Task instructions: Return every line of the records, exact and in full, until you have returned the line with "layer by layer", and include none of the pictures.

Segment Start: Data for review

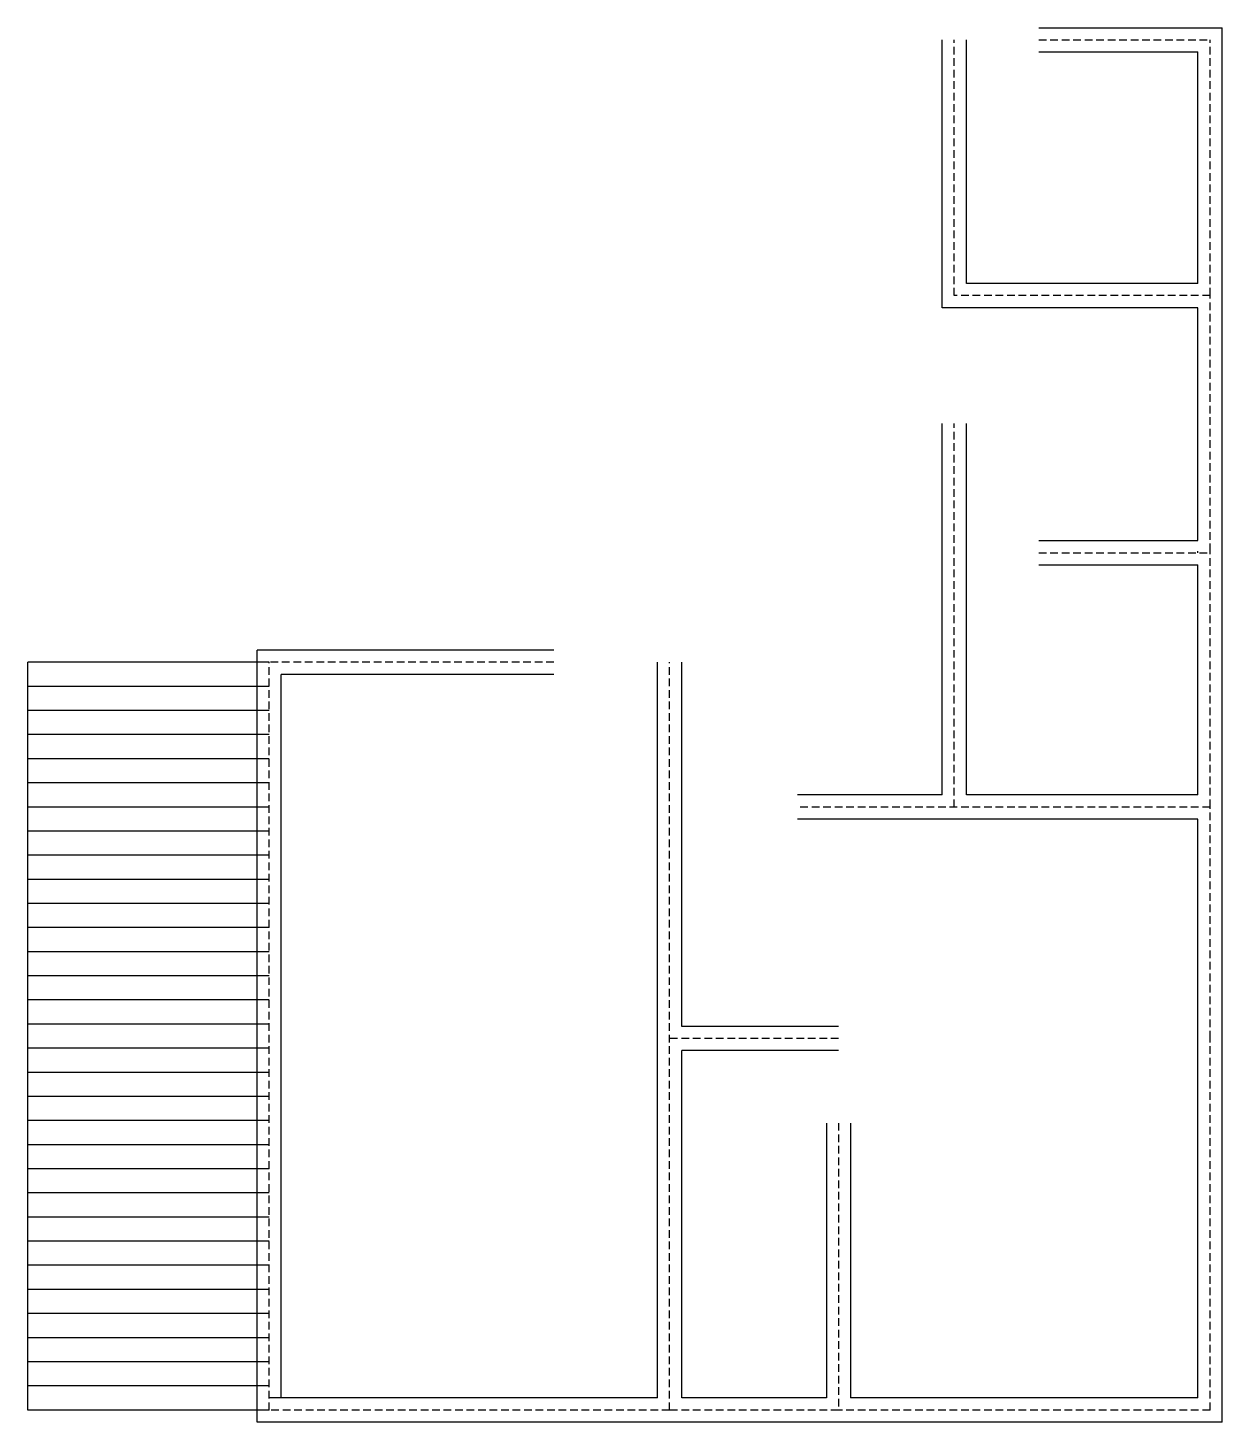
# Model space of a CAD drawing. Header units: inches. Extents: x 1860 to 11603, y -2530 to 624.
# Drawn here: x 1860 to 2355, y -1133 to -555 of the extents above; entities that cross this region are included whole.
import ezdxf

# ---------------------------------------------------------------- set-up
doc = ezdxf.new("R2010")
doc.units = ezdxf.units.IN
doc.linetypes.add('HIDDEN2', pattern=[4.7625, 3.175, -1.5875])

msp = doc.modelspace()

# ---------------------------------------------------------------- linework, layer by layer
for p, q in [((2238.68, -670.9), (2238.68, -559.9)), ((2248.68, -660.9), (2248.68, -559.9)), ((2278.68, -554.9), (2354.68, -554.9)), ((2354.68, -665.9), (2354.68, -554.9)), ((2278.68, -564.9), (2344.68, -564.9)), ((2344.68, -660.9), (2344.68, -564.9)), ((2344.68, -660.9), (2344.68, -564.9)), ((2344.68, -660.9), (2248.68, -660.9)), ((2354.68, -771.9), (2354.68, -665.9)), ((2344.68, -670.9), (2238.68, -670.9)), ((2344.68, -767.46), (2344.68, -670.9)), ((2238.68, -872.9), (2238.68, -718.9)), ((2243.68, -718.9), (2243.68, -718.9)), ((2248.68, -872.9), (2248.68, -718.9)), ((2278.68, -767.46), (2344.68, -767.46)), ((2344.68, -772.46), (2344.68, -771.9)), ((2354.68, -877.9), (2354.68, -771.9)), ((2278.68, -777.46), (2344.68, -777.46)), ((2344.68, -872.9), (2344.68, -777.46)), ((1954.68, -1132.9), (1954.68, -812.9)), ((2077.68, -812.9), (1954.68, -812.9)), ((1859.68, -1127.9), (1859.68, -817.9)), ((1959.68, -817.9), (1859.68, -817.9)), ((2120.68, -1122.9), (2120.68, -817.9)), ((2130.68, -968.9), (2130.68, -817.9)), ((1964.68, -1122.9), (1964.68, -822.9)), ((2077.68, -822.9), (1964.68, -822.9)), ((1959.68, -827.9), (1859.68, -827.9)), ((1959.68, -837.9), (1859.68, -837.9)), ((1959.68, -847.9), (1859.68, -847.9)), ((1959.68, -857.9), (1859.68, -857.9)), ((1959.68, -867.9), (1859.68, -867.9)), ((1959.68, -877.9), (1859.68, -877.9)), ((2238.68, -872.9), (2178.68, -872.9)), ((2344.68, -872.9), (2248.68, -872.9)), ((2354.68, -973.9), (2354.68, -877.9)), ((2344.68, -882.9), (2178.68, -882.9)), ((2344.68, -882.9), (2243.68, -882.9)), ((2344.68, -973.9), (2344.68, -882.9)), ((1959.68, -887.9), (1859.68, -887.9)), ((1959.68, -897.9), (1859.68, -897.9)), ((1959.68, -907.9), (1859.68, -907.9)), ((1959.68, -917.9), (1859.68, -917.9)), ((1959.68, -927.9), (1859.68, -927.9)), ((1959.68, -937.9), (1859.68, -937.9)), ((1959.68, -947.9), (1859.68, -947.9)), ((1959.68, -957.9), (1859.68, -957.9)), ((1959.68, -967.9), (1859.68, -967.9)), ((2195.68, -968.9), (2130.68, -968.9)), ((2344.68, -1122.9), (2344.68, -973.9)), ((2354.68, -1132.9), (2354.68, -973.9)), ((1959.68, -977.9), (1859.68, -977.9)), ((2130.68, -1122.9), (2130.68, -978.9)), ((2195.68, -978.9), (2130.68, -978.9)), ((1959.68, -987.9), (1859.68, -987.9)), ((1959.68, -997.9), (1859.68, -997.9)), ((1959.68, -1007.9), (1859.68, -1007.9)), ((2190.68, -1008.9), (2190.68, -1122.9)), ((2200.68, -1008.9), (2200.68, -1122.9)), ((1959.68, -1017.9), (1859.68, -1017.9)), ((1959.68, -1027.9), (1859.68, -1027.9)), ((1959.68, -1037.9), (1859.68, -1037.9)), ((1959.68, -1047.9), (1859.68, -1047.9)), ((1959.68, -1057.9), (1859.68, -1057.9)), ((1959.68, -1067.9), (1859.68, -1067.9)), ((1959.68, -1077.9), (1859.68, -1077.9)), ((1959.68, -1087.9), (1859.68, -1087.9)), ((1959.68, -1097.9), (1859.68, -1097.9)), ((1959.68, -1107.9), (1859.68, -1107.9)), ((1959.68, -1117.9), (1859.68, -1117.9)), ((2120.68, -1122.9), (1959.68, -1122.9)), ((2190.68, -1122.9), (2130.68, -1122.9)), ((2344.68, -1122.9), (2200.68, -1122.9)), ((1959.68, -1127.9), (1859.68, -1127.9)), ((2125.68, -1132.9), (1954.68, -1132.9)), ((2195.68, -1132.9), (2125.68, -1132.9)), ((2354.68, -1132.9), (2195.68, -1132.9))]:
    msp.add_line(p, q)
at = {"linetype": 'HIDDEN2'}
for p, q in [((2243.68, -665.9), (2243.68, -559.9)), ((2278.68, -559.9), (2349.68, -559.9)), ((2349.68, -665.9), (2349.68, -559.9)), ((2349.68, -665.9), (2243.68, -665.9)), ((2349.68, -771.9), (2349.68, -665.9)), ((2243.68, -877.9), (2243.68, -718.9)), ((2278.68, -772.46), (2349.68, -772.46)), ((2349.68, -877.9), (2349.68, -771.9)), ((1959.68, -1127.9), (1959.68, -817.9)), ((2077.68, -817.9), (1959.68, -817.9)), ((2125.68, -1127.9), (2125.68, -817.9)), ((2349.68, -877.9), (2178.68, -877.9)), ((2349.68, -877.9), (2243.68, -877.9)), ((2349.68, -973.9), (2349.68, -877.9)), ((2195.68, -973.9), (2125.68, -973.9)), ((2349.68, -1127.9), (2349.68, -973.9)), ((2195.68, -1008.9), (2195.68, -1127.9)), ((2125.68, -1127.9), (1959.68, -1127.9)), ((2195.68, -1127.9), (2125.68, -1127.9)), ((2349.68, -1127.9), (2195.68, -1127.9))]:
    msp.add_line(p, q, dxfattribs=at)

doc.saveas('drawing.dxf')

Segment End: Data for review

Response box:
# Model space of a CAD drawing. Header units: inches. Extents: x 1860 to 11603, y -2530 to 624.
# Drawn here: x 1860 to 2355, y -1133 to -555 of the extents above; entities that cross this region are included whole.
import ezdxf

# ---------------------------------------------------------------- set-up
doc = ezdxf.new("R2010")
doc.units = ezdxf.units.IN
doc.linetypes.add('HIDDEN2', pattern=[4.7625, 3.175, -1.5875])

msp = doc.modelspace()

# ---------------------------------------------------------------- linework, layer by layer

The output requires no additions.